Vous nous assurez que les Algériens jouent le jeu, mais qu'en est-il de la frontière avec le Niger ? Serait-il possible que des djihadistes profitent de son éventuelle porosité pour échapper à la pression militaire et revenir ensuite ?
Vu la description que vous nous faites de la situation politique, il y a de quoi être inquiet sur la tenue des futures élections et sur la crédibilité de leurs résultats. Il serait fâcheux de passer auprès de l'opinion internationale et de l'ONU pour ceux qui auraient toléré une mascarade électorale. Avez-vous une solution de repli au cas où les opérations électorales ne se dérouleraient pas comme prévu ?
Monsieur le ministre, peut-être bénéficiez-vous d'un bel héritage, mais je tiens à saluer la qualité de la gouvernance que vous avez mise en place depuis le début du conflit, que ce soit sur le plan militaire ou sur le plan diplomatique.

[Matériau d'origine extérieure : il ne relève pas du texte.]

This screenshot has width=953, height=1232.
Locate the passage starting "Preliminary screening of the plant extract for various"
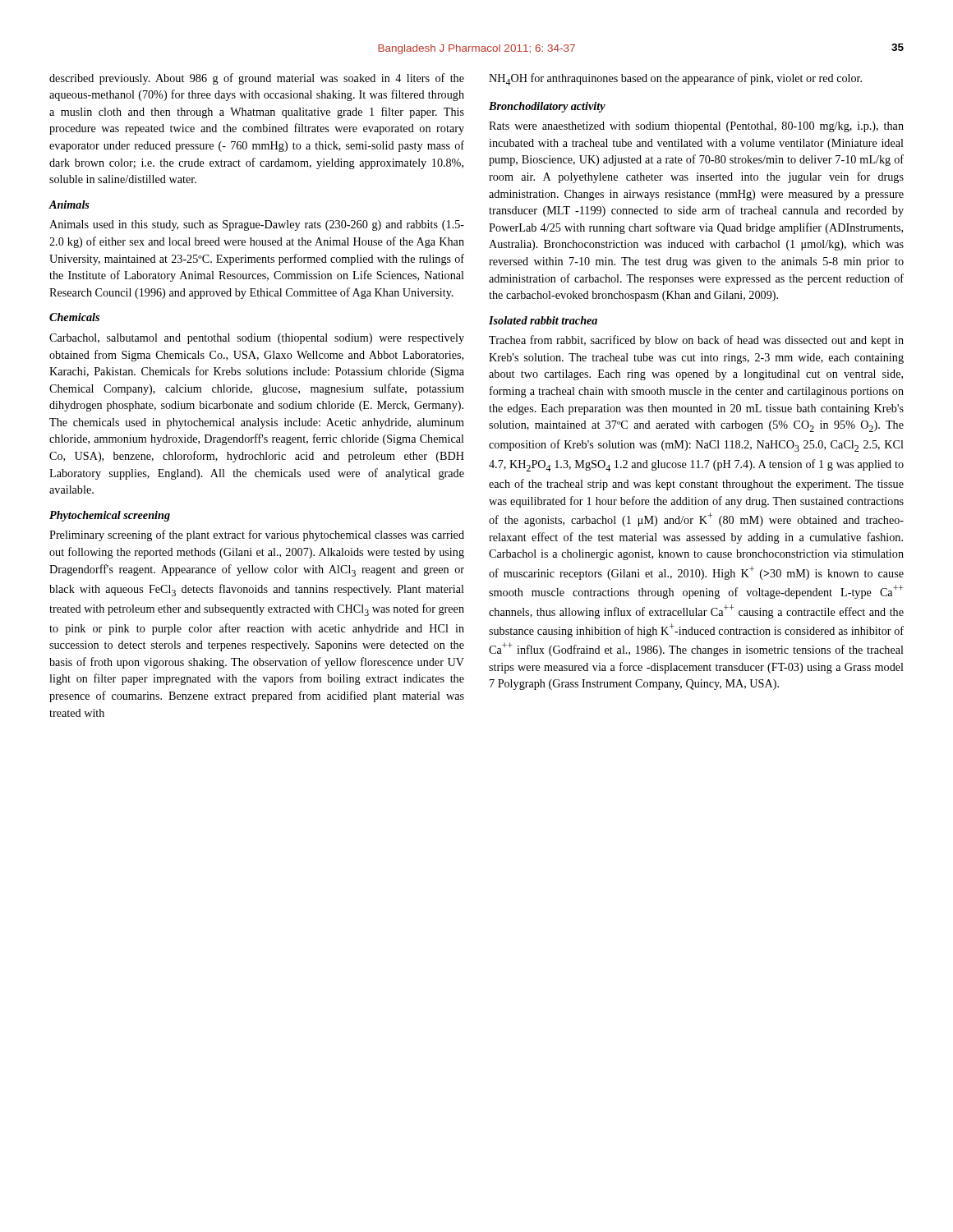257,624

Les conditions climatiques jouent un rôle très important dans le conflit. Or elles vont être de plus en plus dures, avec des répercussions sur l'hygiène et sur la santé des soldats. Comment appréhendez-vous les choses ?

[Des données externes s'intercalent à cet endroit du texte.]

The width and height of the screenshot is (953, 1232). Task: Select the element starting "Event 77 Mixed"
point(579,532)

Est-on capable d'identifier les circuits d'approvisionnement des djihadistes en armes ? Celles-ci sont-elles d'un bon niveau technologique ?
A-t-on une idée du nombre de rebelles encore en état de combattre ? Existe-t-il pour eux des possibilités de repli et si oui, vers où ?
Comment, au plus haut niveau de l'État, concilie-t-on les impératifs de notre mission, qui est de libérer le Mali et de neutraliser AQMI et les terroristes, avec la présence d'otages dans le nord du pays, sachant que ceux-ci représentent une monnaie d'échange et que leur sécurité est clairement menacée ?
Ayant d'autres engagements, je suis contraint de vous répondre brièvement ; je vous prie de m'en excuser.
Beaucoup de matériel, y compris des dispositifs de commande à distance ont en effet été saisis – surtout depuis quinze jours. Ils sont actuellement analysés par nos services.
Oui, c'est du matériel de professionnels. Les armes sont à l'avenant, avec par exemple la présence de lance-roquettes multiples. Il ne s'agit pas d'articles « soldés » : c'est la guerre !
Monsieur Fromion, je ne ferai pas de polémique : notre armée est notre héritage collectif, elle fait partie de la nation.
S'agissant de la frontière avec le Niger, on peut en effet s'interroger sur sa porosité. Des bataillons nigériens ont cependant été déployés là, ainsi qu'entre Gao et Ansongo. Ils sont assez bien équipés et disposent de moyens logistiques. En outre, nous surveillons la frontière à l'aide des drones basés à Niamey. Il reste que « l'autoroute » des trafics passe par là et que l'on a identifié des Libyens parmi les combattants que nous avons neutralisés au nord.
Quant aux élections, nous souhaitons que le Mali ait le plus rapidement possible des responsables politiques légitimes. Le calendrier idéal serait le suivant : finir la libération du territoire avant l'installation de la MINUMA, au mois de juin ; procéder aux élections en juillet ; en parallèle, former l'armée malienne de manière à ce qu'elle puisse, prendre le relais de la MINUMA – et je précise que cette dernière pouvant faire appel à d'autres forces que la MISMA, des pays européens pourront, s'ils le souhaitent, la rejoindre.
En cette période de l'année, le climat est sec et très chaud, ce qui impose une logistique très lourde. Dans la vallée d'Amettetaï, chaque soldat devrait boire dix litres d'eau par jour. La chaleur a un autre inconvénient : les hélicoptères et les avions peuvent transporter moins de personnes et de matériel. Ensuite, ce sera la saison des pluies, qui comporte d'autres inconvénients. Nous avons donc intérêt à terminer les opérations de libération avant le mois de juillet.
Sur les deux zones d'opérations, il resterait quelques centaines de djihadistes ; les djihadistes du Mujao sont plus nombreux que ceux d'AQMI et mieux intégrés dans la population.
La séance est levée à dix-neuf heures quarante-cinq.